Worry-Free Parsers With Parsley Allen Short [email protected]

{ "name": "Sir Robin", "braveness": -1, "companions": [ "Lancelot", "Arthur" ] } Every interesting program has to deal with some kind of structured data. XML, HTML, JSON, CSV, etc. are all common. Here's a nice little JSON object with some strings and numbers and arrays in it. Python makes this pretty easy to deal with; call json.loads() and you get a nice dictionary back.

{ name: "Sir Robin", braveness: -1, companions: [ "Lancelot",,"Arthur" ] } Sometimes, though, we have to deal with a format we don't have premade solution for. Here's some data that isn't JSON. It's valid Javascript, but as you can see, there's no quotes around the keys... and Sir Not Appearing In This Film wound up in the array down there.

3 At this point, you have three choices:

do it wrong Strangely, this is the most popular option.

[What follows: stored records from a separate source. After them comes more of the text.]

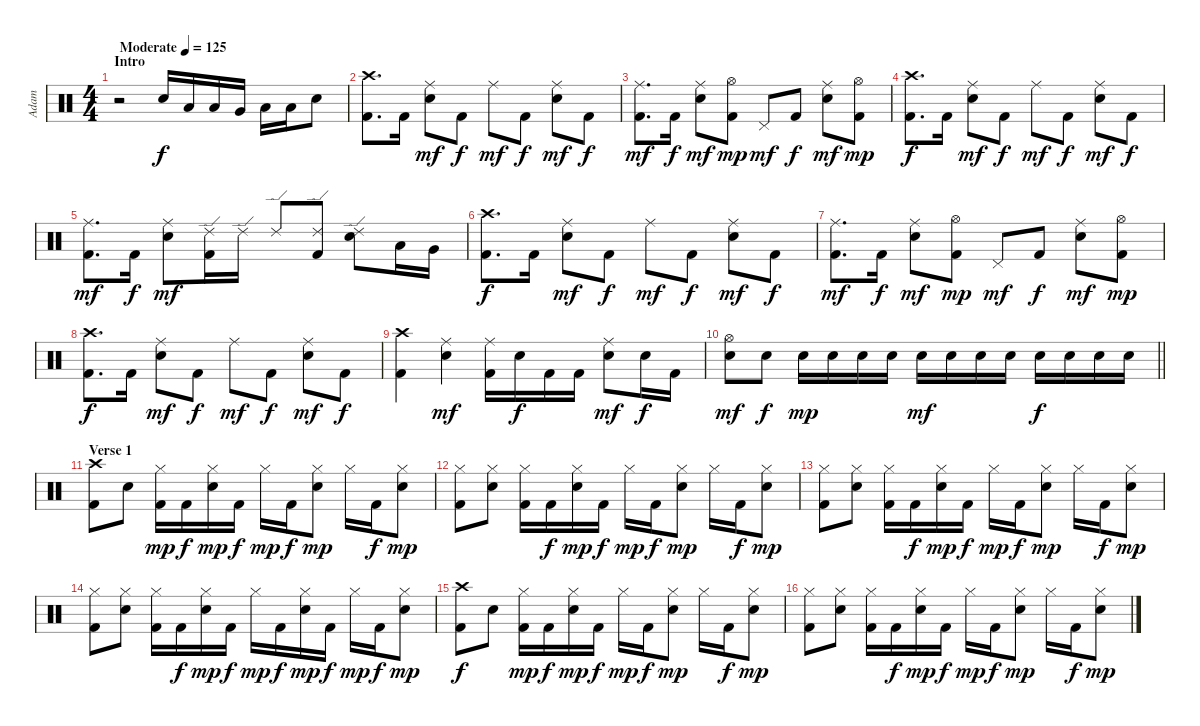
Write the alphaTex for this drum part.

\track ("Adam" "Adam") {instrument percussion}
\staff {score}
\articulation defaults
\ts (4 4)
\section ("" "Intro")
\tempo (125 "Moderate")
\clef neutral
\ks c
r.2{dy f} "Electric Snare (hit)".16 "Low Tom (hit)".16 "Low Tom (hit)".16 "Very Low Tom (hit)".16 "Low Floor Tom (hit)".16 "Low Floor Tom (hit)".16 "Electric Snare (hit)".8 |
("Crash high (hit)" "Kick (hit) 2").8{d} "Kick (hit) 2".16 ("Ride (middle)" "Electric Snare (hit)").8{dy mf} "Kick (hit) 2".8{dy f} "Ride (middle)".8{dy mf} "Kick (hit) 2".8{dy f} ("Ride (middle)" "Electric Snare (hit)").8{dy mf} "Kick (hit) 2".8{dy f} |
("Ride (middle)" "Kick (hit) 2").8{d dy mf} "Kick (hit) 2".16{dy f} ("Ride (middle)" "Electric Snare (hit)").8{dy mf} ("Hi-Hat (open)" "Kick (hit) 2").8{dy mp} "Pedal Hi-Hat (hit)".8{dy mf} "Kick (hit) 2".8{dy f} ("Ride (middle)" "Electric Snare (hit)").8{dy mf} ("Hi-Hat (open)" "Kick (hit) 2").8{dy mp} |
("Crash high (hit)" "Kick (hit) 2").8{d dy f} "Kick (hit) 2".16 ("Ride (middle)" "Electric Snare (hit)").8{dy mf} "Kick (hit) 2".8{dy f} "Ride (middle)".8{dy mf} "Kick (hit) 2".8{dy f} ("Ride (middle)" "Electric Snare (hit)").8{dy mf} "Kick (hit) 2".8{dy f} |
("Ride (middle)" "Kick (hit) 2").8{d dy mf} "Kick (hit) 2".16{dy f} ("Ride (middle)" "Electric Snare (hit)").8{dy mf} ("Ride (edge) 2" "Kick (hit) 2").16 "Ride (edge) 2".16 "Ride (edge) 2".8 ("Ride (edge) 2" "Kick (hit) 2").8 ("Ride (edge) 2" "Electric Snare (hit)").8 "Low Tom (hit)".16 "Very Low Tom (hit)".16 |
("Crash high (hit)" "Kick (hit) 2").8{d dy f} "Kick (hit) 2".16 ("Ride (middle)" "Electric Snare (hit)").8{dy mf} "Kick (hit) 2".8{dy f} "Ride (middle)".8{dy mf} "Kick (hit) 2".8{dy f} ("Ride (middle)" "Electric Snare (hit)").8{dy mf} "Kick (hit) 2".8{dy f} |
("Ride (middle)" "Kick (hit) 2").8{d dy mf} "Kick (hit) 2".16{dy f} ("Ride (middle)" "Electric Snare (hit)").8{dy mf} ("Hi-Hat (open)" "Kick (hit) 2").8{dy mp} "Pedal Hi-Hat (hit)".8{dy mf} "Kick (hit) 2".8{dy f} ("Ride (middle)" "Electric Snare (hit)").8{dy mf} ("Hi-Hat (open)" "Kick (hit) 2").8{dy mp} |
("Crash high (hit)" "Kick (hit) 2").8{d dy f} "Kick (hit) 2".16 ("Ride (middle)" "Electric Snare (hit)").8{dy mf} "Kick (hit) 2".8{dy f} "Ride (middle)".8{dy mf} "Kick (hit) 2".8{dy f} ("Ride (middle)" "Electric Snare (hit)").8{dy mf} "Kick (hit) 2".8{dy f} |
("Crash high (hit)" "Kick (hit) 2").4 ("Ride (middle)" "Electric Snare (hit)").4{dy mf} ("Ride (middle)" "Kick (hit) 2").16 "Electric Snare (hit)".16{dy f} "Kick (hit) 2".16 "Kick (hit) 2".16 ("Ride (middle)" "Electric Snare (hit)").8{dy mf} "Electric Snare (hit)".16{dy f} "Kick (hit) 2".16 |
\barLineRight lightlight
("Hi-Hat (open)" "Electric Snare (hit)").8{dy mf} "Electric Snare (hit)".8{dy f} "Electric Snare (hit)".16{dy mp} "Electric Snare (hit)".16 "Electric Snare (hit)".16 "Electric Snare (hit)".16 "Electric Snare (hit)".16{dy mf} "Electric Snare (hit)".16 "Electric Snare (hit)".16 "Electric Snare (hit)".16 "Electric Snare (hit)".16{dy f} "Electric Snare (hit)".16 "Electric Snare (hit)".16 "Electric Snare (hit)".16 |
\section ("" "Verse 1")
("Crash high (hit)" "Kick (hit) 2").8 "Electric Snare (hit)".8 ("Hi-Hat (closed)" "Kick (hit) 2").16{dy mp} "Kick (hit) 2".16{dy f} ("Hi-Hat (closed)" "Electric Snare (hit)").16{dy mp} "Kick (hit) 2".16{dy f} "Hi-Hat (closed)".16{dy mp} "Kick (hit) 2".16{dy f} ("Hi-Hat (closed)" "Electric Snare (hit)").8{dy mp} "Hi-Hat (closed)".16 "Kick (hit) 2".16{dy f} ("Hi-Hat (closed)" "Electric Snare (hit)").8{dy mp} |
("Hi-Hat (closed)" "Kick (hit) 2").8 ("Hi-Hat (closed)" "Electric Snare (hit)").8 ("Hi-Hat (closed)" "Kick (hit) 2").16 "Kick (hit) 2".16{dy f} ("Hi-Hat (closed)" "Electric Snare (hit)").16{dy mp} "Kick (hit) 2".16{dy f} "Hi-Hat (closed)".16{dy mp} "Kick (hit) 2".16{dy f} ("Hi-Hat (closed)" "Electric Snare (hit)").8{dy mp} "Hi-Hat (closed)".16 "Kick (hit) 2".16{dy f} ("Hi-Hat (closed)" "Electric Snare (hit)").8{dy mp} |
("Hi-Hat (closed)" "Kick (hit) 2").8 ("Hi-Hat (closed)" "Electric Snare (hit)").8 ("Hi-Hat (closed)" "Kick (hit) 2").16 "Kick (hit) 2".16{dy f} ("Hi-Hat (closed)" "Electric Snare (hit)").16{dy mp} "Kick (hit) 2".16{dy f} "Hi-Hat (closed)".16{dy mp} "Kick (hit) 2".16{dy f} ("Hi-Hat (closed)" "Electric Snare (hit)").8{dy mp} "Hi-Hat (closed)".16 "Kick (hit) 2".16{dy f} ("Hi-Hat (closed)" "Electric Snare (hit)").8{dy mp} |
("Hi-Hat (closed)" "Kick (hit) 2").8 ("Hi-Hat (closed)" "Electric Snare (hit)").8 ("Hi-Hat (closed)" "Kick (hit) 2").16 "Kick (hit) 2".16{dy f} ("Hi-Hat (closed)" "Electric Snare (hit)").16{dy mp} "Kick (hit) 2".16{dy f} "Hi-Hat (closed)".16{dy mp} "Kick (hit) 2".16{dy f} ("Hi-Hat (closed)" "Electric Snare (hit)").16{dy mp} "Kick (hit) 2".16{dy f} "Hi-Hat (closed)".16{dy mp} "Kick (hit) 2".16{dy f} ("Hi-Hat (closed)" "Electric Snare (hit)").8{dy mp} |
("Crash high (hit)" "Kick (hit) 2").8{dy f} "Electric Snare (hit)".8 ("Hi-Hat (closed)" "Kick (hit) 2").16{dy mp} "Kick (hit) 2".16{dy f} ("Hi-Hat (closed)" "Electric Snare (hit)").16{dy mp} "Kick (hit) 2".16{dy f} "Hi-Hat (closed)".16{dy mp} "Kick (hit) 2".16{dy f} ("Hi-Hat (closed)" "Electric Snare (hit)").8{dy mp} "Hi-Hat (closed)".16 "Kick (hit) 2".16{dy f} ("Hi-Hat (closed)" "Electric Snare (hit)").8{dy mp} |
("Hi-Hat (closed)" "Kick (hit) 2").8 ("Hi-Hat (closed)" "Electric Snare (hit)").8 ("Hi-Hat (closed)" "Kick (hit) 2").16 "Kick (hit) 2".16{dy f} ("Hi-Hat (closed)" "Electric Snare (hit)").16{dy mp} "Kick (hit) 2".16{dy f} "Hi-Hat (closed)".16{dy mp} "Kick (hit) 2".16{dy f} ("Hi-Hat (closed)" "Electric Snare (hit)").8{dy mp} "Hi-Hat (closed)".16 "Kick (hit) 2".16{dy f} ("Hi-Hat (closed)" "Electric Snare (hit)").8{dy mp}

"HTML is a language of sufficient complexity that it cannot be parsed by regular expressions. Even Jon Skeet cannot parse HTML using regular expressions. Every time you attempt to parse HTML with regular expressions, the unholy child weeps the blood of virgins, and Russian hackers pwn your webapp. Parsing HTML with regex summons tainted souls into the realm of the living. The cannot hold it is too late. The force of regex and HTML together in the same conceptual space will destroy your mind like so much watery putty." It's tempting to just throw together some regexes and string manipulation and guesswork to write something that will extract the information you need. But as a famous post from Andrew Clover on Stack Overflow reminds us, this doesn't always work out as well as we might hope.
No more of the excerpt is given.